_WHAT YOU ARE ASKED TO DO_
Give back exactly the lines of the material below, starting with the line with "Document page, 1241x1754 pixels." and going on through the line with "List each element's".

=== PROVIDED RECORDS ===

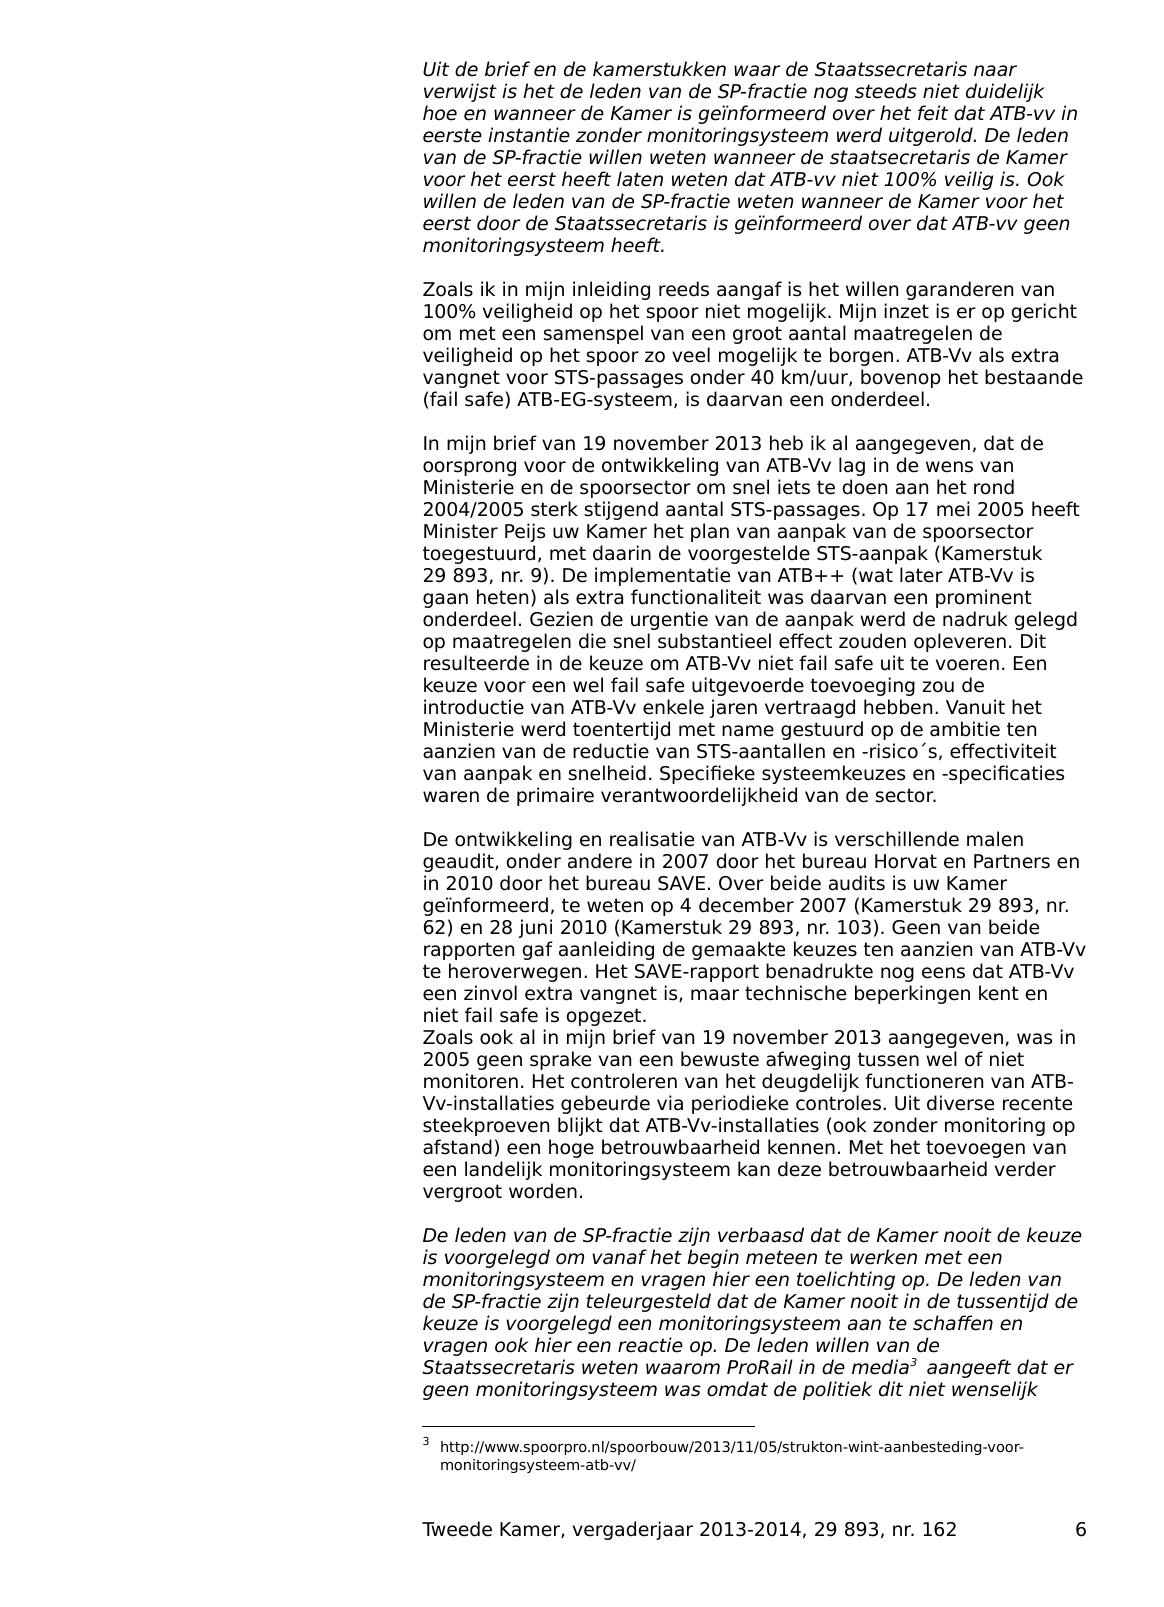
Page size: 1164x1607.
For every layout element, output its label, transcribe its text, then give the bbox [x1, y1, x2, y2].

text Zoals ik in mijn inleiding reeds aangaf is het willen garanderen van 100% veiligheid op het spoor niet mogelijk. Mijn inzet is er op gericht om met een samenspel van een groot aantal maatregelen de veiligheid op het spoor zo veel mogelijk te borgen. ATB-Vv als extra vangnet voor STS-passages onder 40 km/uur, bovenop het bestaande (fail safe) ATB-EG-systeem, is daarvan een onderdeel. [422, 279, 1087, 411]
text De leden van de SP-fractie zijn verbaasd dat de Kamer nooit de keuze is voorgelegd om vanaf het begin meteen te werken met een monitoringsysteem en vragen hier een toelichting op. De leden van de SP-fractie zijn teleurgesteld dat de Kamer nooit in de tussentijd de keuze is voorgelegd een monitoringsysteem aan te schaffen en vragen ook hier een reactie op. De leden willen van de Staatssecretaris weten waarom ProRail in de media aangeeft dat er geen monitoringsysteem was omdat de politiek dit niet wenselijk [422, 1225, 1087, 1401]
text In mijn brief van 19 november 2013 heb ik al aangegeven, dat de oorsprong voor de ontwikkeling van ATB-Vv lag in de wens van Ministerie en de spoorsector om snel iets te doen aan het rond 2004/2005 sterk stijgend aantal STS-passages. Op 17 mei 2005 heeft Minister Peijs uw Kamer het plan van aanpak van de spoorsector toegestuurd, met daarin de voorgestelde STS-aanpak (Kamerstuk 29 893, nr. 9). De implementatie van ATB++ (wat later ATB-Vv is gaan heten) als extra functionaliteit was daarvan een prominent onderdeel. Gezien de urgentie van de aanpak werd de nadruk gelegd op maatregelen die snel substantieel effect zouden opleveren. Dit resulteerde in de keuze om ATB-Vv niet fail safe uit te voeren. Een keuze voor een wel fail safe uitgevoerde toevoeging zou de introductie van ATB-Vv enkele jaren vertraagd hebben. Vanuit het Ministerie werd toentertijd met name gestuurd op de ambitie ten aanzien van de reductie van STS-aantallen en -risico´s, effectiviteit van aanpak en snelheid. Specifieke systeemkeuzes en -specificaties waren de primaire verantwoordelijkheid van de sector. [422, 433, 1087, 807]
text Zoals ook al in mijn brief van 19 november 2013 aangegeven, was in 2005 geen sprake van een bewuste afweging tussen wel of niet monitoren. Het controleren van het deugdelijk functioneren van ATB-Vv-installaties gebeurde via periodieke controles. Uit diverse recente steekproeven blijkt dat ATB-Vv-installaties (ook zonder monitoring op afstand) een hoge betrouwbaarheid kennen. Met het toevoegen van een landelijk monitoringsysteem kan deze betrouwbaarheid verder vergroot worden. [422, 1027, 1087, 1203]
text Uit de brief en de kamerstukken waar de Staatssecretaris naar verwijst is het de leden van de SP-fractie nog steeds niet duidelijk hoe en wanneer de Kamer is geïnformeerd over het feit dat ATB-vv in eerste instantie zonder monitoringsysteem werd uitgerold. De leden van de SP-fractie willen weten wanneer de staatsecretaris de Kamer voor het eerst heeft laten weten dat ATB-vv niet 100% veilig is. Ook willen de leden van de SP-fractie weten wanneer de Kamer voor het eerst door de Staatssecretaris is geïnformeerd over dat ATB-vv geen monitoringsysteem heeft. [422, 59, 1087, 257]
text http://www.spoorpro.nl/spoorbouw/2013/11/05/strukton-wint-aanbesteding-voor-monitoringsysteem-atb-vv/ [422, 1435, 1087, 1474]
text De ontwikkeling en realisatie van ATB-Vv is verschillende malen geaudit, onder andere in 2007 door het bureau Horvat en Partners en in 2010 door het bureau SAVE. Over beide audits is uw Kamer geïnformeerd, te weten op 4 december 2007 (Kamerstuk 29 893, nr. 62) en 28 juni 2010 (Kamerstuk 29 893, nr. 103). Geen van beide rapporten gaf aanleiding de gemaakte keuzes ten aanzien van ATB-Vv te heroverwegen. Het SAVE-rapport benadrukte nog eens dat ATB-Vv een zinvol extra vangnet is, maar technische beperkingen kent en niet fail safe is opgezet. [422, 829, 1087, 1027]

===
=== PROVIDED RECORDS ===

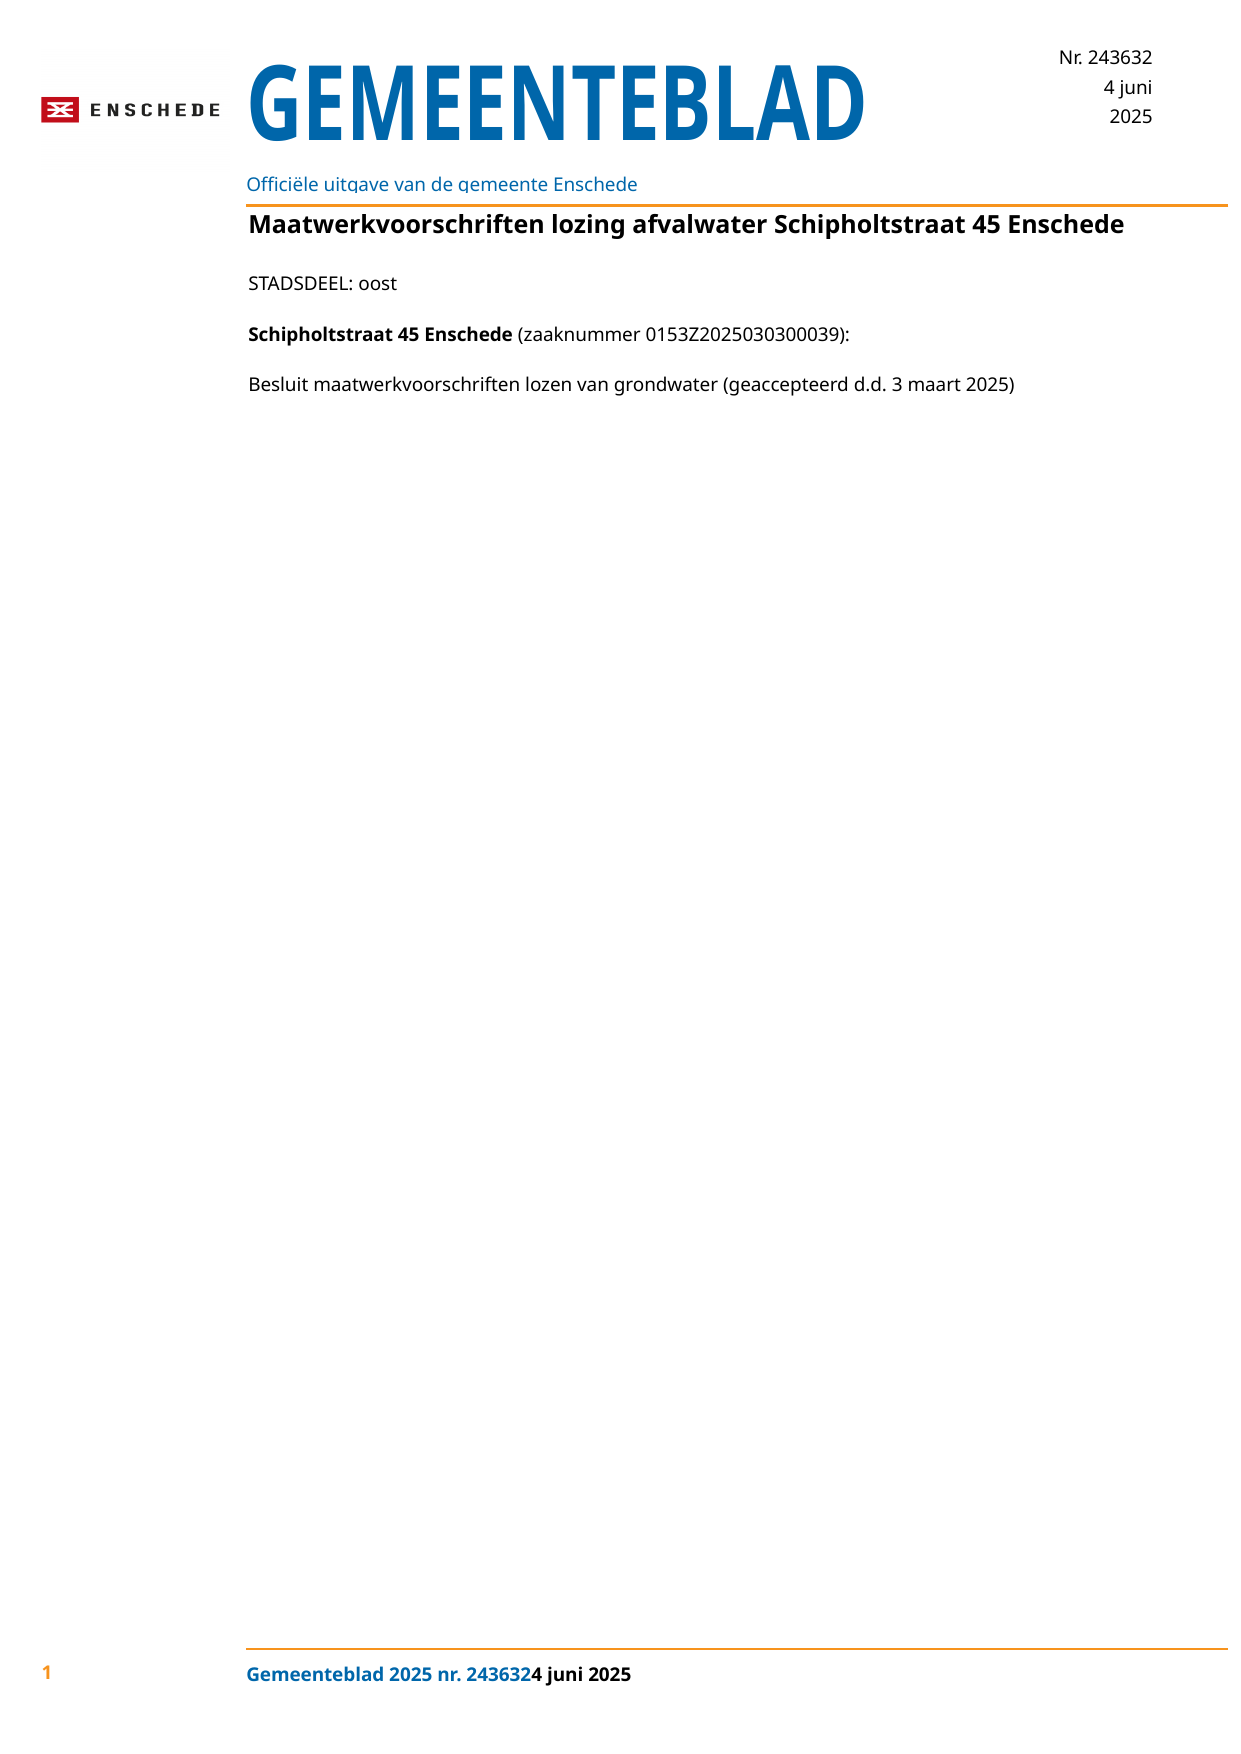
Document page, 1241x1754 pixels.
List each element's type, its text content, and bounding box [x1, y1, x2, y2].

===

_REPLY_
Document page, 1241x1754 pixels.
List each element's type, its text content, and bounding box [x1, y1, x2, y2].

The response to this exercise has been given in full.